▶ _Assignment_: Tally the lines below that contain the word "september", then give the tally and nothing more.

▶ _Data to process_:

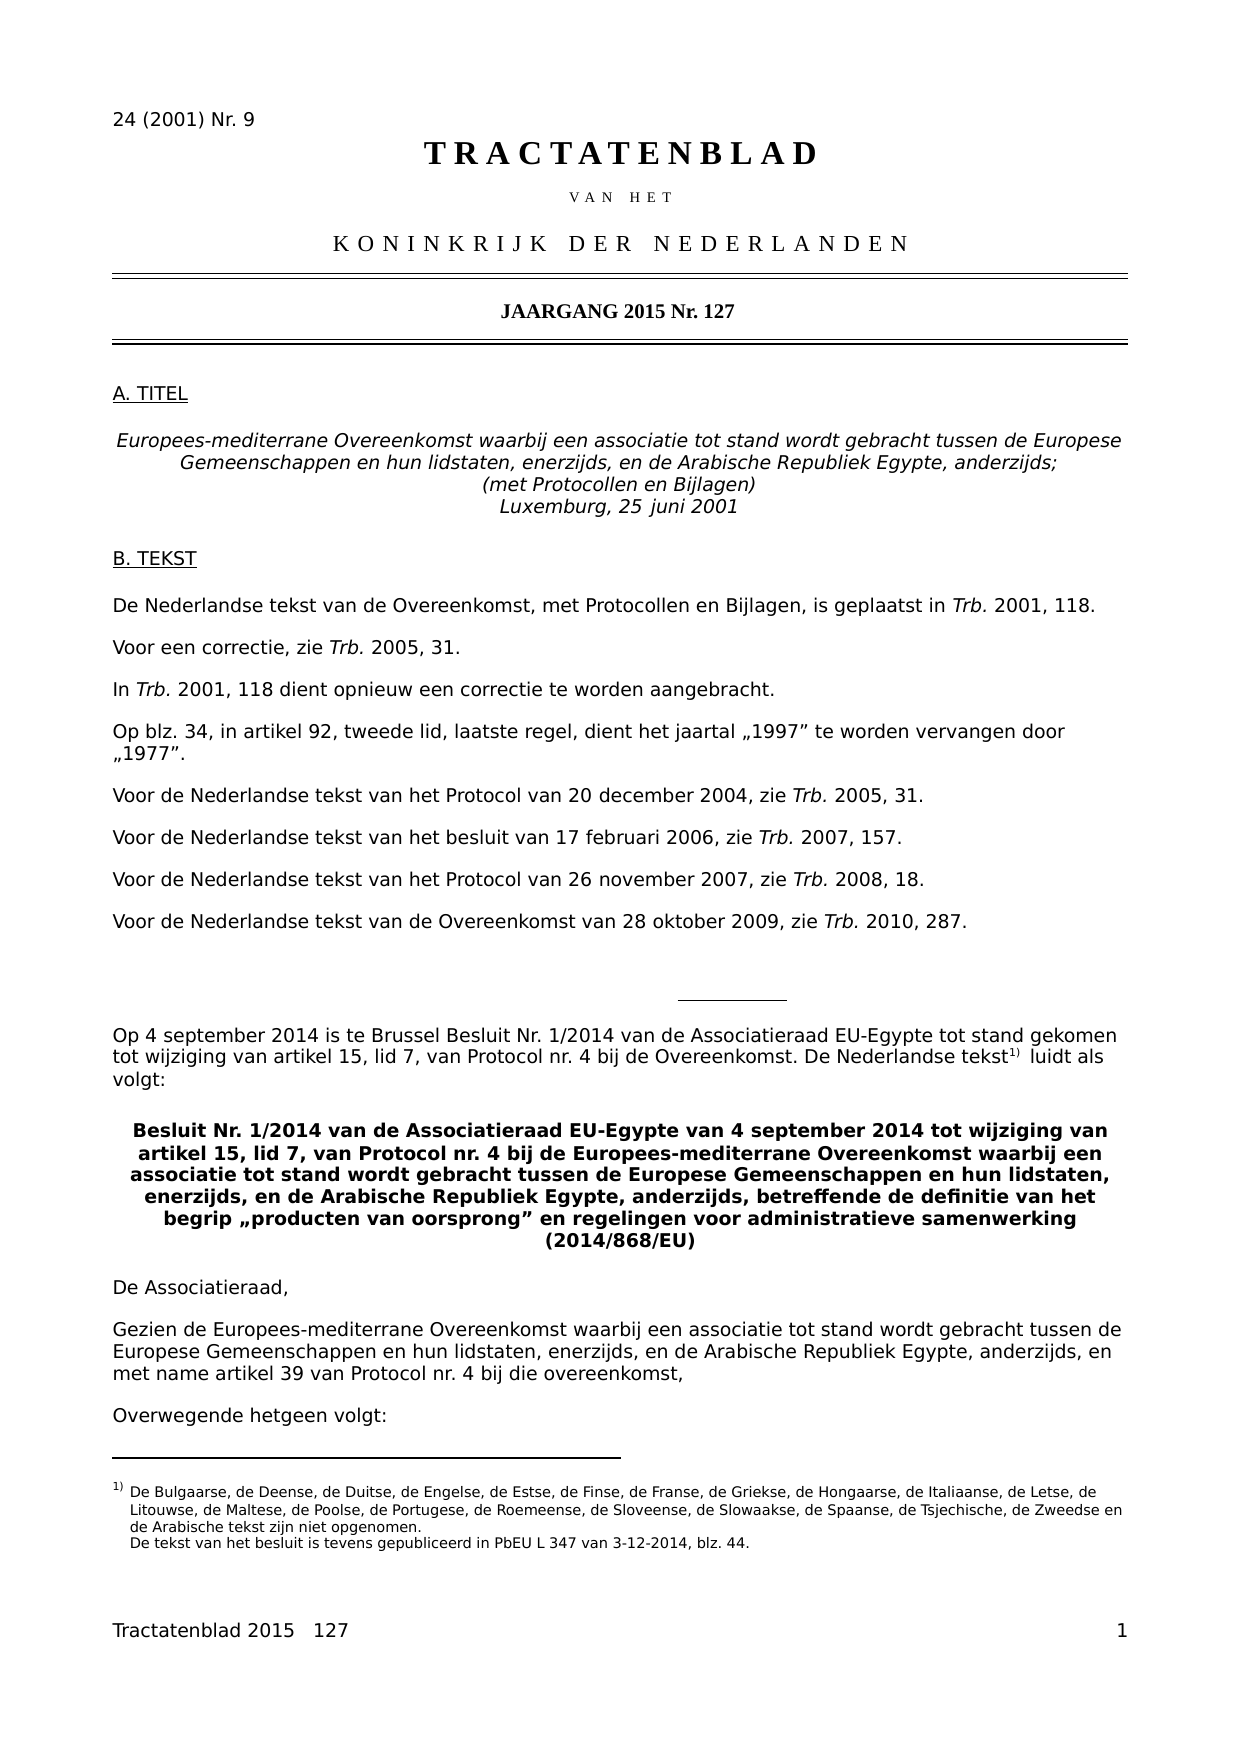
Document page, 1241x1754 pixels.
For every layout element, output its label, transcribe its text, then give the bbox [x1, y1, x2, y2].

text (met Protocollen en Bijlagen) [112, 474, 1128, 496]
text Overwegende hetgeen volgt: [112, 1405, 1128, 1427]
text Op 4 september 2014 is te Brussel Besluit Nr. 1/2014 van de Associatieraad EU-Egypte tot stand gekomen tot wijziging van artikel 15, lid 7, van Protocol nr. 4 bij de Overeenkomst. De Nederlandse tekst luidt als volgt: [112, 1024, 1128, 1090]
text De Associatieraad, [112, 1277, 1128, 1299]
text De tekst van het besluit is tevens gepubliceerd in PbEU L 347 van 3-12-2014, blz. 44. [129, 1535, 1128, 1552]
subtitle Besluit Nr. 1/2014 van de Associatieraad EU-Egypte van 4 september 2014 tot wijziging van artikel 15, lid 7, van Protocol nr. 4 bij de Europees-mediterrane Overeenkomst waarbij een associatie tot stand wordt gebracht tussen de Europese Gemeenschappen en hun lidstaten, enerzijds, en de Arabische Republiek Egypte, anderzijds, betreffende de definitie van het begrip „producten van oorsprong” en regelingen voor administratieve samenwerking (2014/868/EU) [112, 1120, 1128, 1252]
text Voor een correctie, zie Trb. 2005, 31. [112, 637, 1128, 659]
text Voor de Nederlandse tekst van het besluit van 17 februari 2006, zie Trb. 2007, 157. [112, 827, 1128, 848]
text Luxemburg, 25 juni 2001 [112, 496, 1128, 518]
text TRACTATENBLAD [112, 133, 1128, 172]
text Voor de Nederlandse tekst van het Protocol van 20 december 2004, zie Trb. 2005, 31. [112, 784, 1128, 807]
text 24 (2001) Nr. 9 [112, 109, 1128, 131]
subtitle B. TEKST [112, 548, 1128, 570]
text De Nederlandse tekst van de Overeenkomst, met Protocollen en Bijlagen, is geplaatst in Trb. 2001, 118. [112, 595, 1128, 617]
text VAN HET [112, 189, 1128, 206]
text Voor de Nederlandse tekst van de Overeenkomst van 28 oktober 2009, zie Trb. 2010, 287. [112, 911, 1128, 932]
text KONINKRIJK DER NEDERLANDEN [112, 229, 1128, 256]
subtitle A. TITEL [112, 383, 1128, 405]
text Op blz. 34, in artikel 92, tweede lid, laatste regel, dient het jaartal „1997” te worden vervangen door „1977”. [112, 721, 1128, 764]
text Gezien de Europees-mediterrane Overeenkomst waarbij een associatie tot stand wordt gebracht tussen de Europese Gemeenschappen en hun lidstaten, enerzijds, en de Arabische Republiek Egypte, anderzijds, en met name artikel 39 van Protocol nr. 4 bij die overeenkomst, [112, 1319, 1128, 1385]
text JAARGANG 2015 Nr. 127 [112, 299, 1128, 323]
text De Bulgaarse, de Deense, de Duitse, de Engelse, de Estse, de Finse, de Franse, de Griekse, de Hongaarse, de Italiaanse, de Letse, de Litouwse, de Maltese, de Poolse, de Portugese, de Roemeense, de Sloveense, de Slowaakse, de Spaanse, de Tsjechische, de Zweedse en de Arabische tekst zijn niet opgenomen. [112, 1479, 1128, 1535]
text Voor de Nederlandse tekst van het Protocol van 26 november 2007, zie Trb. 2008, 18. [112, 868, 1128, 891]
text In Trb. 2001, 118 dient opnieuw een correctie te worden aangebracht. [112, 679, 1128, 701]
text Europees-mediterrane Overeenkomst waarbij een associatie tot stand wordt gebracht tussen de Europese Gemeenschappen en hun lidstaten, enerzijds, en de Arabische Republiek Egypte, anderzijds; [112, 430, 1128, 474]
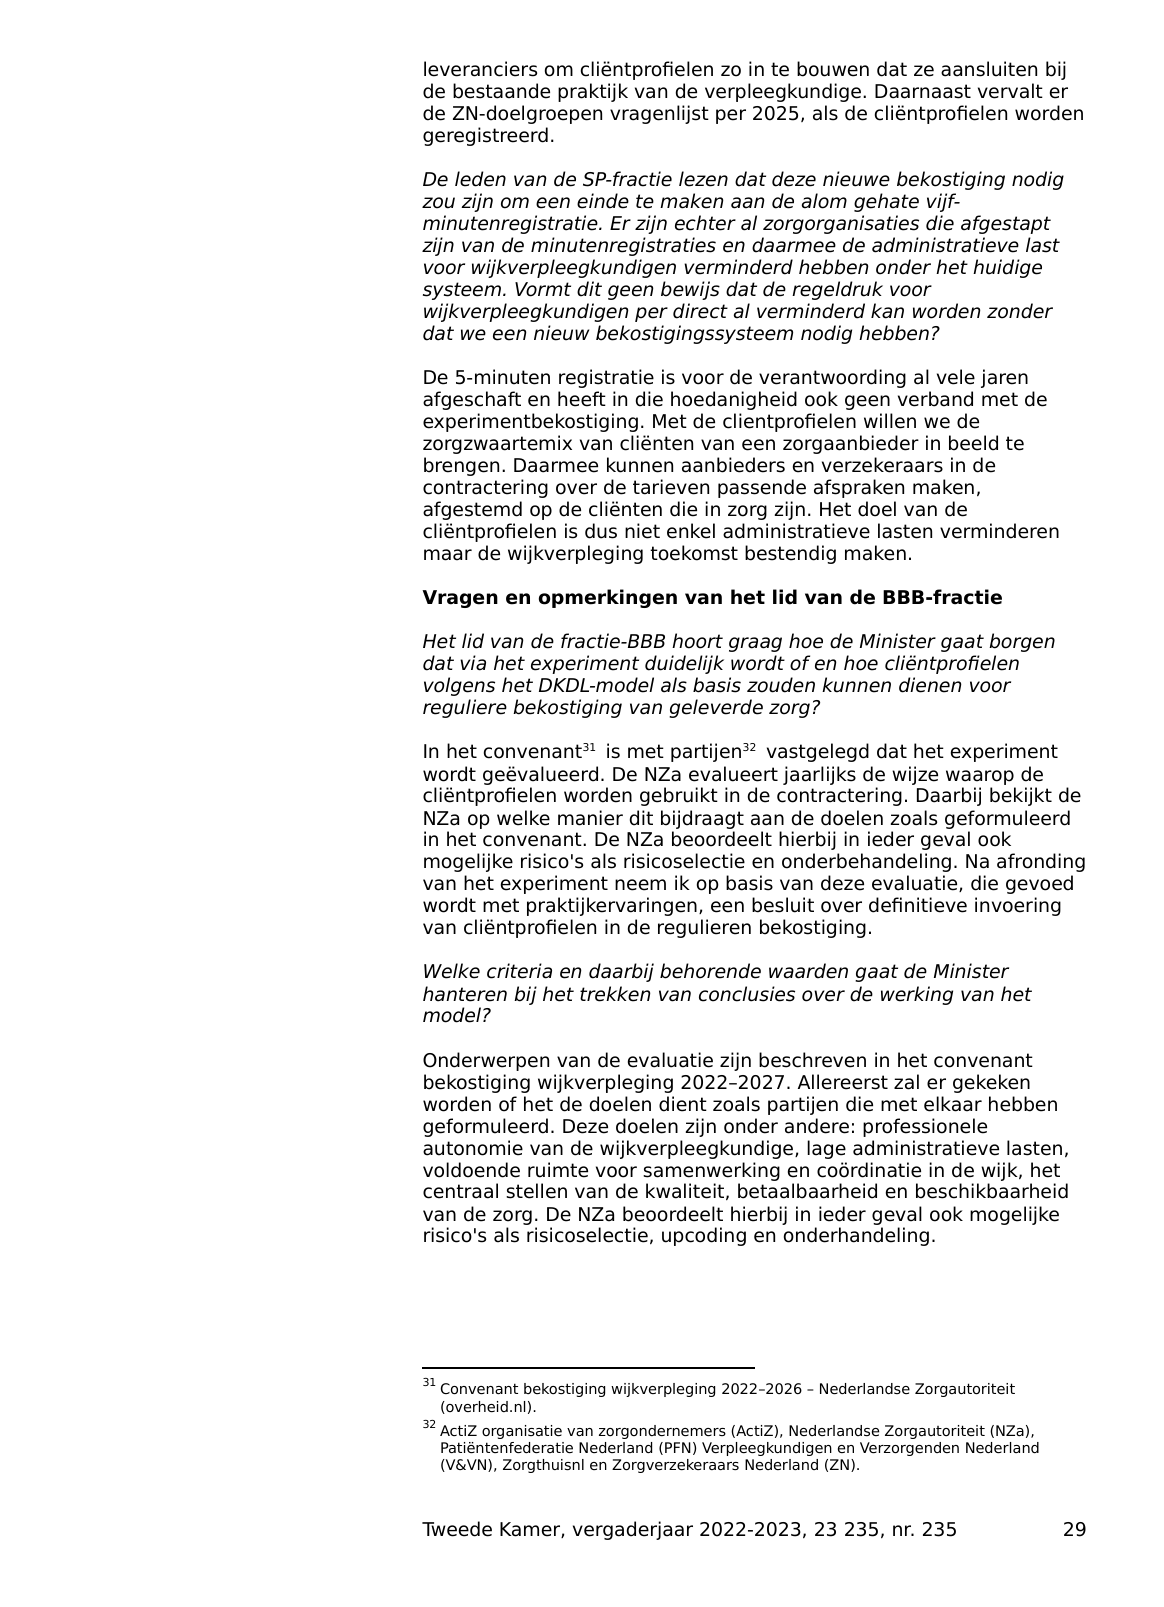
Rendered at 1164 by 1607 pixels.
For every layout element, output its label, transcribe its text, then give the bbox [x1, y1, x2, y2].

subtitle Welke criteria en daarbij behorende waarden gaat de Minister hanteren bij het trekken van conclusies over de werking van het model? [422, 961, 1087, 1027]
text Onderwerpen van de evaluatie zijn beschreven in het convenant bekostiging wijkverpleging 2022–2027. Allereerst zal er gekeken worden of het de doelen dient zoals partijen die met elkaar hebben geformuleerd. Deze doelen zijn onder andere: professionele autonomie van de wijkverpleegkundige, lage administratieve lasten, voldoende ruimte voor samenwerking en coördinatie in de wijk, het centraal stellen van de kwaliteit, betaalbaarheid en beschikbaarheid van de zorg. De NZa beoordeelt hierbij in ieder geval ook mogelijke risico's als risicoselectie, upcoding en onderhandeling. [422, 1049, 1087, 1247]
subtitle Het lid van de fractie-BBB hoort graag hoe de Minister gaat borgen dat via het experiment duidelijk wordt of en hoe cliëntprofielen volgens het DKDL-model als basis zouden kunnen dienen voor reguliere bekostiging van geleverde zorg? [422, 631, 1087, 719]
text leveranciers om cliëntprofielen zo in te bouwen dat ze aansluiten bij de bestaande praktijk van de verpleegkundige. Daarnaast vervalt er de ZN-doelgroepen vragenlijst per 2025, als de cliëntprofielen worden geregistreerd. [422, 59, 1087, 147]
subtitle De leden van de SP-fractie lezen dat deze nieuwe bekostiging nodig zou zijn om een einde te maken aan de alom gehate vijf-minutenregistratie. Er zijn echter al zorgorganisaties die afgestapt zijn van de minutenregistraties en daarmee de administratieve last voor wijkverpleegkundigen verminderd hebben onder het huidige systeem. Vormt dit geen bewijs dat de regeldruk voor wijkverpleegkundigen per direct al verminderd kan worden zonder dat we een nieuw bekostigingssysteem nodig hebben? [422, 169, 1087, 345]
text In het convenant is met partijen vastgelegd dat het experiment wordt geëvalueerd. De NZa evalueert jaarlijks de wijze waarop de cliëntprofielen worden gebruikt in de contractering. Daarbij bekijkt de NZa op welke manier dit bijdraagt aan de doelen zoals geformuleerd in het convenant. De NZa beoordeelt hierbij in ieder geval ook mogelijke risico's als risicoselectie en onderbehandeling. Na afronding van het experiment neem ik op basis van deze evaluatie, die gevoed wordt met praktijkervaringen, een besluit over definitieve invoering van cliëntprofielen in de regulieren bekostiging. [422, 741, 1087, 939]
subtitle Vragen en opmerkingen van het lid van de BBB-fractie [422, 587, 1087, 609]
text Convenant bekostiging wijkverpleging 2022–2026 – Nederlandse Zorgautoriteit (overheid.nl). [422, 1377, 1087, 1416]
text ActiZ organisatie van zorgondernemers (ActiZ), Nederlandse Zorgautoriteit (NZa), Patiëntenfederatie Nederland (PFN) Verpleegkundigen en Verzorgenden Nederland (V&VN), Zorgthuisnl en Zorgverzekeraars Nederland (ZN). [422, 1418, 1087, 1474]
text De 5-minuten registratie is voor de verantwoording al vele jaren afgeschaft en heeft in die hoedanigheid ook geen verband met de experimentbekostiging. Met de clientprofielen willen we de zorgzwaartemix van cliënten van een zorgaanbieder in beeld te brengen. Daarmee kunnen aanbieders en verzekeraars in de contractering over de tarieven passende afspraken maken, afgestemd op de cliënten die in zorg zijn. Het doel van de cliëntprofielen is dus niet enkel administratieve lasten verminderen maar de wijkverpleging toekomst bestendig maken. [422, 367, 1087, 565]
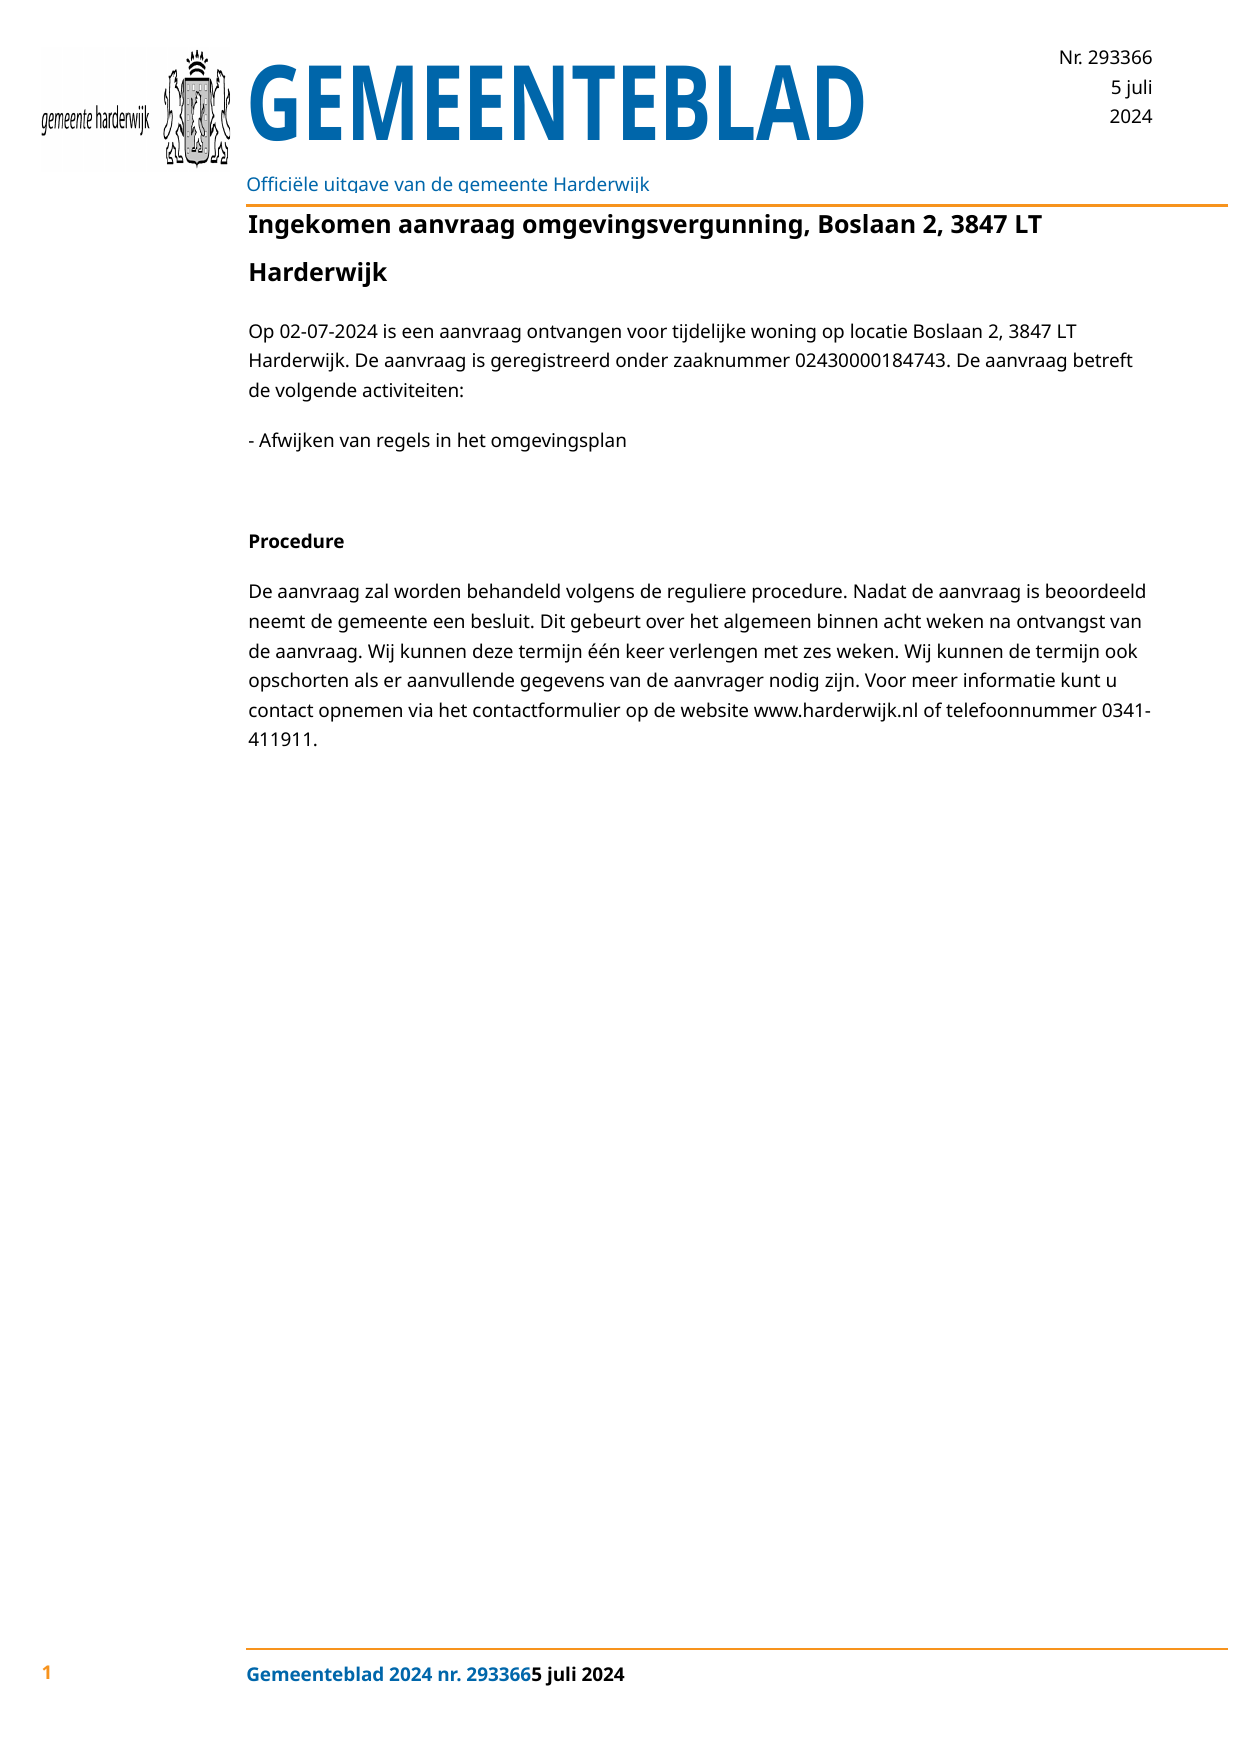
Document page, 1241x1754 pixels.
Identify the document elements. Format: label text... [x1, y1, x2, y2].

text - Afwijken van regels in het omgevingsplan [248, 427, 1152, 453]
text Procedure [248, 528, 1152, 554]
text Ingekomen aanvraag omgevingsvergunning, Boslaan 2, 3847 LT Harderwijk [248, 207, 1152, 288]
picture [41, 47, 231, 172]
text De aanvraag zal worden behandeld volgens de reguliere procedure. Nadat de aanvraag is beoordeeld neemt de gemeente een besluit. Dit gebeurt over het algemeen binnen acht weken na ontvangst van de aanvraag. Wij kunnen deze termijn één keer verlengen met zes weken. Wij kunnen de termijn ook opschorten als er aanvullende gegevens van de aanvrager nodig zijn. Voor meer informatie kunt u contact opnemen via het contactformulier op de website www.harderwijk.nl of telefoonnummer 0341-411911. [248, 579, 1152, 752]
text Op 02-07-2024 is een aanvraag ontvangen voor tijdelijke woning op locatie Boslaan 2, 3847 LT Harderwijk. De aanvraag is geregistreerd onder zaaknummer 02430000184743. De aanvraag betreft de volgende activiteiten: [248, 318, 1152, 403]

▶ _The completed task_: 2